(Records for processing begins)

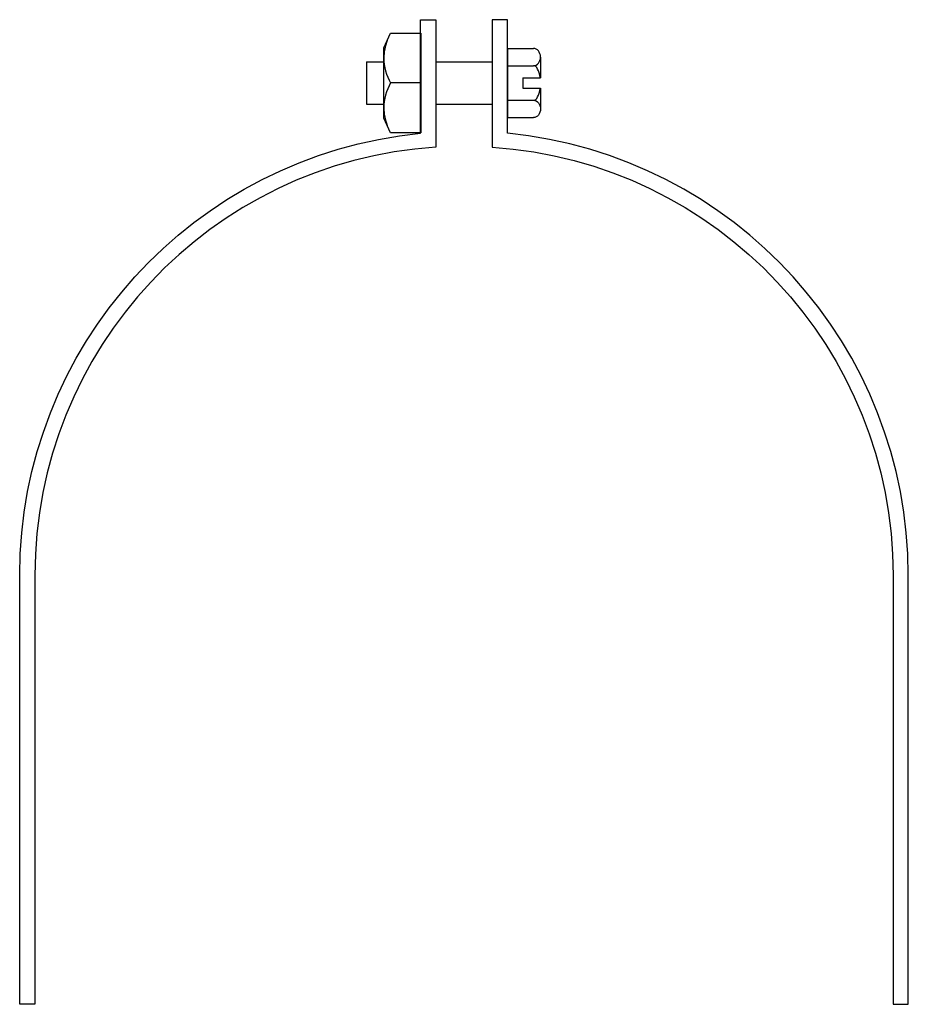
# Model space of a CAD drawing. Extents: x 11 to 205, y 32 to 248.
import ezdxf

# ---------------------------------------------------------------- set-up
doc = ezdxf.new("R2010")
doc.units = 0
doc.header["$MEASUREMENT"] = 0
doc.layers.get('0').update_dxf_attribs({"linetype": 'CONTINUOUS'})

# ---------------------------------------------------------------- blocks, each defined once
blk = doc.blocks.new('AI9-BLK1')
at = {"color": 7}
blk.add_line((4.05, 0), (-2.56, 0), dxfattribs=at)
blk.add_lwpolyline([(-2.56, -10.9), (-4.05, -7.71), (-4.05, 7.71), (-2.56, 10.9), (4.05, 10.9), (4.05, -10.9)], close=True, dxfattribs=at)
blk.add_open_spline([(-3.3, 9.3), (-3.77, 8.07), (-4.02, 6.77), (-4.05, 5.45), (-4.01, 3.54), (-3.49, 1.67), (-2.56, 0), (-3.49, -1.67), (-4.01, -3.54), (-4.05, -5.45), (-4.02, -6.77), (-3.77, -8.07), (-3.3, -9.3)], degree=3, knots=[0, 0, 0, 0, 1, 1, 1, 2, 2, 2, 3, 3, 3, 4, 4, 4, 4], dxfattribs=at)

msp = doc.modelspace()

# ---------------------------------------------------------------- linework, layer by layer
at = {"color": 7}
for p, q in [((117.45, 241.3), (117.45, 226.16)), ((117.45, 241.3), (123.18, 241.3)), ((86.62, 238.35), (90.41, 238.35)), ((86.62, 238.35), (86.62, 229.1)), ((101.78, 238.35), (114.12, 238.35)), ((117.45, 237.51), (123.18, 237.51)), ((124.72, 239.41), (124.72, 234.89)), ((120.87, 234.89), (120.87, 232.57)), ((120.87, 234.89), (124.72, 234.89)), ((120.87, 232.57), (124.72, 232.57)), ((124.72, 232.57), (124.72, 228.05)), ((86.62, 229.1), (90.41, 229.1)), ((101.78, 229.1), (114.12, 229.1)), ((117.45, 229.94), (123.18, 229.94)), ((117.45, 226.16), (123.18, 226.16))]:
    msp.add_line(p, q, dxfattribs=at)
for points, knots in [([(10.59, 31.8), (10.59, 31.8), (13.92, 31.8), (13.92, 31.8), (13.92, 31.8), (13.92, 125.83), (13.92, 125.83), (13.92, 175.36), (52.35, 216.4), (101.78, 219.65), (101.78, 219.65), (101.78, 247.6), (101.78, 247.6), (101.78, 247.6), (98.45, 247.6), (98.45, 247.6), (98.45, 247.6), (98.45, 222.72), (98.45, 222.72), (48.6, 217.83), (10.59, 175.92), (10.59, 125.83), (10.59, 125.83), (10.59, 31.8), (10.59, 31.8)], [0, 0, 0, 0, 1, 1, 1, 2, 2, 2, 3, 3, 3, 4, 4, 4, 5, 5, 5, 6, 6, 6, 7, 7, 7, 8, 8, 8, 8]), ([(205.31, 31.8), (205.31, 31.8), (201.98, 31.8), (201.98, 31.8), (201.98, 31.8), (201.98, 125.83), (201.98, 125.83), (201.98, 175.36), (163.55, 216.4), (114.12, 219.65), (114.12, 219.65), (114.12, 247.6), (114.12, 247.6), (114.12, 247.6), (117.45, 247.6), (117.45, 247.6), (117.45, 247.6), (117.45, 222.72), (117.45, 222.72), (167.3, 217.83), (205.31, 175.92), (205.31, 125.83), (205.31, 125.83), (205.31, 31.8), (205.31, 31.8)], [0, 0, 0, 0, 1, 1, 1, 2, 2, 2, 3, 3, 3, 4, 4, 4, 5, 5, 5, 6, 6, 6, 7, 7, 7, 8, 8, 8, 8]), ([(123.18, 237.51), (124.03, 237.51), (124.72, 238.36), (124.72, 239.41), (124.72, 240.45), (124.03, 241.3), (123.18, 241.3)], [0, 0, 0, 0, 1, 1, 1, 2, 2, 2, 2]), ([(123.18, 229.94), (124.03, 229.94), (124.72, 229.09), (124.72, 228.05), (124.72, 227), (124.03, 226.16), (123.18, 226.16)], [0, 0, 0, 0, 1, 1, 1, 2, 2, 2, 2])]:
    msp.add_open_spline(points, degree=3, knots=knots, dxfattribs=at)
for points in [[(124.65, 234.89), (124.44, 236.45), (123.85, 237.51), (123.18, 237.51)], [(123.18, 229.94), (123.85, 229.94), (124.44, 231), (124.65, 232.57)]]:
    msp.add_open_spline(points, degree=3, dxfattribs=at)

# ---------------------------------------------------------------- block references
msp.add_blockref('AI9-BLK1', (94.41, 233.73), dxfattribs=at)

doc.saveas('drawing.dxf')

(Records for processing ends)

> **Work order**: The answer must be the full listing above, copied exactly, with no pictures in it.

> **Result**:
# Model space of a CAD drawing. Extents: x 11 to 205, y 32 to 248.
import ezdxf

# ---------------------------------------------------------------- set-up
doc = ezdxf.new("R2010")
doc.units = 0
doc.header["$MEASUREMENT"] = 0
doc.layers.get('0').update_dxf_attribs({"linetype": 'CONTINUOUS'})

# ---------------------------------------------------------------- blocks, each defined once
blk = doc.blocks.new('AI9-BLK1')
at = {"color": 7}
blk.add_line((4.05, 0), (-2.56, 0), dxfattribs=at)
blk.add_lwpolyline([(-2.56, -10.9), (-4.05, -7.71), (-4.05, 7.71), (-2.56, 10.9), (4.05, 10.9), (4.05, -10.9)], close=True, dxfattribs=at)
blk.add_open_spline([(-3.3, 9.3), (-3.77, 8.07), (-4.02, 6.77), (-4.05, 5.45), (-4.01, 3.54), (-3.49, 1.67), (-2.56, 0), (-3.49, -1.67), (-4.01, -3.54), (-4.05, -5.45), (-4.02, -6.77), (-3.77, -8.07), (-3.3, -9.3)], degree=3, knots=[0, 0, 0, 0, 1, 1, 1, 2, 2, 2, 3, 3, 3, 4, 4, 4, 4], dxfattribs=at)

msp = doc.modelspace()

# ---------------------------------------------------------------- linework, layer by layer
at = {"color": 7}
for p, q in [((117.45, 241.3), (117.45, 226.16)), ((117.45, 241.3), (123.18, 241.3)), ((86.62, 238.35), (90.41, 238.35)), ((86.62, 238.35), (86.62, 229.1)), ((101.78, 238.35), (114.12, 238.35)), ((117.45, 237.51), (123.18, 237.51)), ((124.72, 239.41), (124.72, 234.89)), ((120.87, 234.89), (120.87, 232.57)), ((120.87, 234.89), (124.72, 234.89)), ((120.87, 232.57), (124.72, 232.57)), ((124.72, 232.57), (124.72, 228.05)), ((86.62, 229.1), (90.41, 229.1)), ((101.78, 229.1), (114.12, 229.1)), ((117.45, 229.94), (123.18, 229.94)), ((117.45, 226.16), (123.18, 226.16))]:
    msp.add_line(p, q, dxfattribs=at)
for points, knots in [([(10.59, 31.8), (10.59, 31.8), (13.92, 31.8), (13.92, 31.8), (13.92, 31.8), (13.92, 125.83), (13.92, 125.83), (13.92, 175.36), (52.35, 216.4), (101.78, 219.65), (101.78, 219.65), (101.78, 247.6), (101.78, 247.6), (101.78, 247.6), (98.45, 247.6), (98.45, 247.6), (98.45, 247.6), (98.45, 222.72), (98.45, 222.72), (48.6, 217.83), (10.59, 175.92), (10.59, 125.83), (10.59, 125.83), (10.59, 31.8), (10.59, 31.8)], [0, 0, 0, 0, 1, 1, 1, 2, 2, 2, 3, 3, 3, 4, 4, 4, 5, 5, 5, 6, 6, 6, 7, 7, 7, 8, 8, 8, 8]), ([(205.31, 31.8), (205.31, 31.8), (201.98, 31.8), (201.98, 31.8), (201.98, 31.8), (201.98, 125.83), (201.98, 125.83), (201.98, 175.36), (163.55, 216.4), (114.12, 219.65), (114.12, 219.65), (114.12, 247.6), (114.12, 247.6), (114.12, 247.6), (117.45, 247.6), (117.45, 247.6), (117.45, 247.6), (117.45, 222.72), (117.45, 222.72), (167.3, 217.83), (205.31, 175.92), (205.31, 125.83), (205.31, 125.83), (205.31, 31.8), (205.31, 31.8)], [0, 0, 0, 0, 1, 1, 1, 2, 2, 2, 3, 3, 3, 4, 4, 4, 5, 5, 5, 6, 6, 6, 7, 7, 7, 8, 8, 8, 8]), ([(123.18, 237.51), (124.03, 237.51), (124.72, 238.36), (124.72, 239.41), (124.72, 240.45), (124.03, 241.3), (123.18, 241.3)], [0, 0, 0, 0, 1, 1, 1, 2, 2, 2, 2]), ([(123.18, 229.94), (124.03, 229.94), (124.72, 229.09), (124.72, 228.05), (124.72, 227), (124.03, 226.16), (123.18, 226.16)], [0, 0, 0, 0, 1, 1, 1, 2, 2, 2, 2])]:
    msp.add_open_spline(points, degree=3, knots=knots, dxfattribs=at)
for points in [[(124.65, 234.89), (124.44, 236.45), (123.85, 237.51), (123.18, 237.51)], [(123.18, 229.94), (123.85, 229.94), (124.44, 231), (124.65, 232.57)]]:
    msp.add_open_spline(points, degree=3, dxfattribs=at)

# ---------------------------------------------------------------- block references
msp.add_blockref('AI9-BLK1', (94.41, 233.73), dxfattribs=at)

doc.saveas('drawing.dxf')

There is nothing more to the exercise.